"Kamu darimana saja, Arez? Sudah lama tidak datang ke sini. Kamu baik-baik, kan? Tidak
sakit?" Google+ memberondongku dengan pertanyaan, padahal kakiku baru
menginjak beranda. Aku tersenyum tipis.
"Aku
baik-baik saja," jawabku.
Google+ masih
menatapku cemas. Seperti tak yakin dengan jawabanku, Google+ menempelkan
tangannya di dahiku. Aku mengernyit.
"Oh,
syukurlah. Aku kira kamu demam," kata Google+ sambil menurunkan tangannya
dari dahiku. Sesaat kemudian, beliau tersenyum lebar. "Mari, mari masuk!
Aku punya suguhan baru untukmu!" ajaknya seraya mendorongku masuk.
Benar saja.
Saat aku memasuki rumahnya, aku terpukau. Jauh, jauh berbeda dari terakhir aku
menginjakkan kaki di sini. Meskipun selera Google+ masih sama, namun, benda-benda
yang dipilih untuk mengisi ruangan, membuat rumah ini selama sekian detik,
tidak aku kenali. Mungkin, karena pernak-pernik yang terpasang adalah sesuatu
yang lebih modern? Lebih baru?
Yang jelas,
benda-benda yang terpajang rapi di dinding maupun yang diletakkan di meja,
membuatku suka.
"Kamu mau
di sini, atau di kamarmu? Bukankah dulu, kaulebih suka berada di kamar?"

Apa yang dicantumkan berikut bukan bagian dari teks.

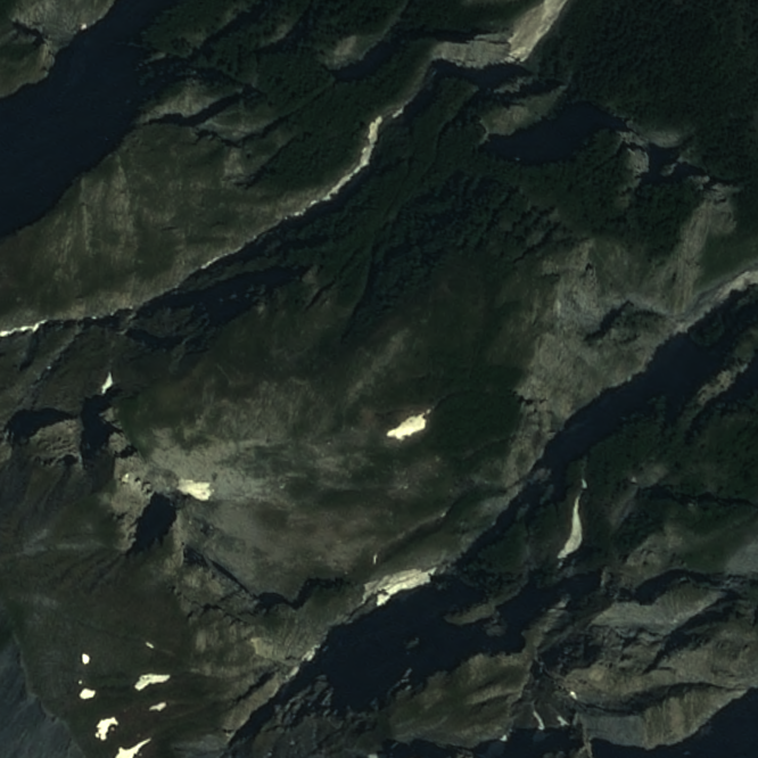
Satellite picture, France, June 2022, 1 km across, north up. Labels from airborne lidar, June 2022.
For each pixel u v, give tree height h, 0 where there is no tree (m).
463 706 0
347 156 9
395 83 8
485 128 50
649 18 17
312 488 0
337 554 0
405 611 0
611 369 0
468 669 0
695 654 0
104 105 8
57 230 0
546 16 6
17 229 19
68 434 0
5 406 0
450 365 6
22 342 0
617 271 0
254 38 12
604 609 0
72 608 0
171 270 0
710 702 0
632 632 0
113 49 0
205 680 0
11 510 0
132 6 8
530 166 48
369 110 12
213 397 0
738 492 11
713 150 15
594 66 18
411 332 0
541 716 0
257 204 0
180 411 0
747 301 11
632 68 20
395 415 0
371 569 0
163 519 0
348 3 14
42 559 0
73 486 0
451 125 18
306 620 0
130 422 0
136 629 0
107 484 0
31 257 0
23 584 0
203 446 0
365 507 0
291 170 8
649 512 6
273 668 0
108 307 0
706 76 10
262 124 0
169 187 0
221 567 0
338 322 0
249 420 0
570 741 0
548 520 5
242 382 0
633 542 8
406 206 6
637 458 6
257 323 0
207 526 0
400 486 0
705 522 6
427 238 7
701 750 0
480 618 0
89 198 0
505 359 0
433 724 0
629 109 10
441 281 0
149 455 0
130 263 0
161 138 0
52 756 0
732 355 9
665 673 0
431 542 0
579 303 0
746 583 7
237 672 0
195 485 0
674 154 7
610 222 16
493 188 15
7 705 0
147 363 0
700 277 0
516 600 0
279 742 0
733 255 0
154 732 0
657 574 0
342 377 0
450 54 0
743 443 8
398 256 8
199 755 0
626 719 0
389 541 0
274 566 0
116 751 0
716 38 11
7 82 0
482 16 9
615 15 12
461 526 7
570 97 7
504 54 0
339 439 0
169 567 0
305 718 0
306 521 0
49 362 0
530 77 23
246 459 0
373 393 0
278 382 0
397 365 0
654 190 9
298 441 0
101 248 0
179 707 0
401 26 10
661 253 9
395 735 0
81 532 0
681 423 21
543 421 0
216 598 0
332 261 7
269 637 0
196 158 0
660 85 11
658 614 0
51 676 0
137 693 0
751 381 12
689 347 0
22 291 0
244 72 15
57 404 0
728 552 0
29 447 0
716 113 8
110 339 0
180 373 0
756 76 7
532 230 16
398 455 0
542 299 0
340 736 0
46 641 0
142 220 0
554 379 0
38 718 0
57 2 0
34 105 0
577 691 0
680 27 17
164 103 11
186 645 0
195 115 0
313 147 9
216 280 0
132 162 0
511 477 0
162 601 0
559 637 0
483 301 0
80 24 0
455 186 9
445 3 8
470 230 8
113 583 0
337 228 6
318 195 0
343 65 0
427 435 0
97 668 0
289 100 9
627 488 11
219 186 0
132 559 0
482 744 0
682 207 19
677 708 0
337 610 0
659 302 0
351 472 0
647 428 7
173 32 9
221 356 0
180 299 0
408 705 0
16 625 0
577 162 24
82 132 0
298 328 0
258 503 0
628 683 0
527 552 0
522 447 0
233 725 0
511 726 0
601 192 7
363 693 0
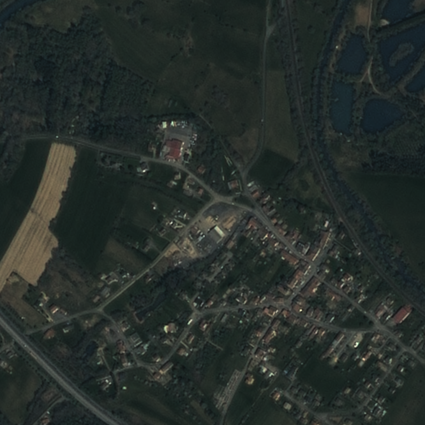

tanya Google+ mengejutkan lamunanku. Aku tergeragap, tersenyum, dengan separuh
pikiran yang masih takjub dengan perubahan ini. Melihatku, Google+ tersenyum,
mendorongku lagi untuk menuju kamarku.
Sampai di
kamar, Google+ memaksaku untuk terperangah yang kedua kali. Takjub
berkali-kali. Beliau mengubah kamarku, tanpa mengubah tata letak
barang-barangku. Tulisan-tulisanku yang biasanya hanya bertebaran dalam kamar,
sekarang rapi tertata di sudut kamar. Referensi-referensi dari orang-orang yang
karyanya bagus, juga memenuhi sudut ruang. Koleksi foto hanya beberapa, yang
aku tahu, foto itu lebih banyak dari Google+. Di sini, aku tidak banyak
menyimpan foto. Pun aku tidak begitu hobi berfoto.
Aku menghela
napas.
Berada di sini,
membuatku merasakan 'pulang'. Lantas aku tersenyum perih. Beberapa saat lagi,
aku akan pergi dari sini. Entah untuk berapa lama, dan entah kapan aku sempat
kembali ke sini.
"Kau
kenapa lagi?" Google+ bertanya dengan nada prihatin, melihatku yang
tertunduk dalam. Aku mendongak, menatap wajah tuanya. Mencoba tersenyum.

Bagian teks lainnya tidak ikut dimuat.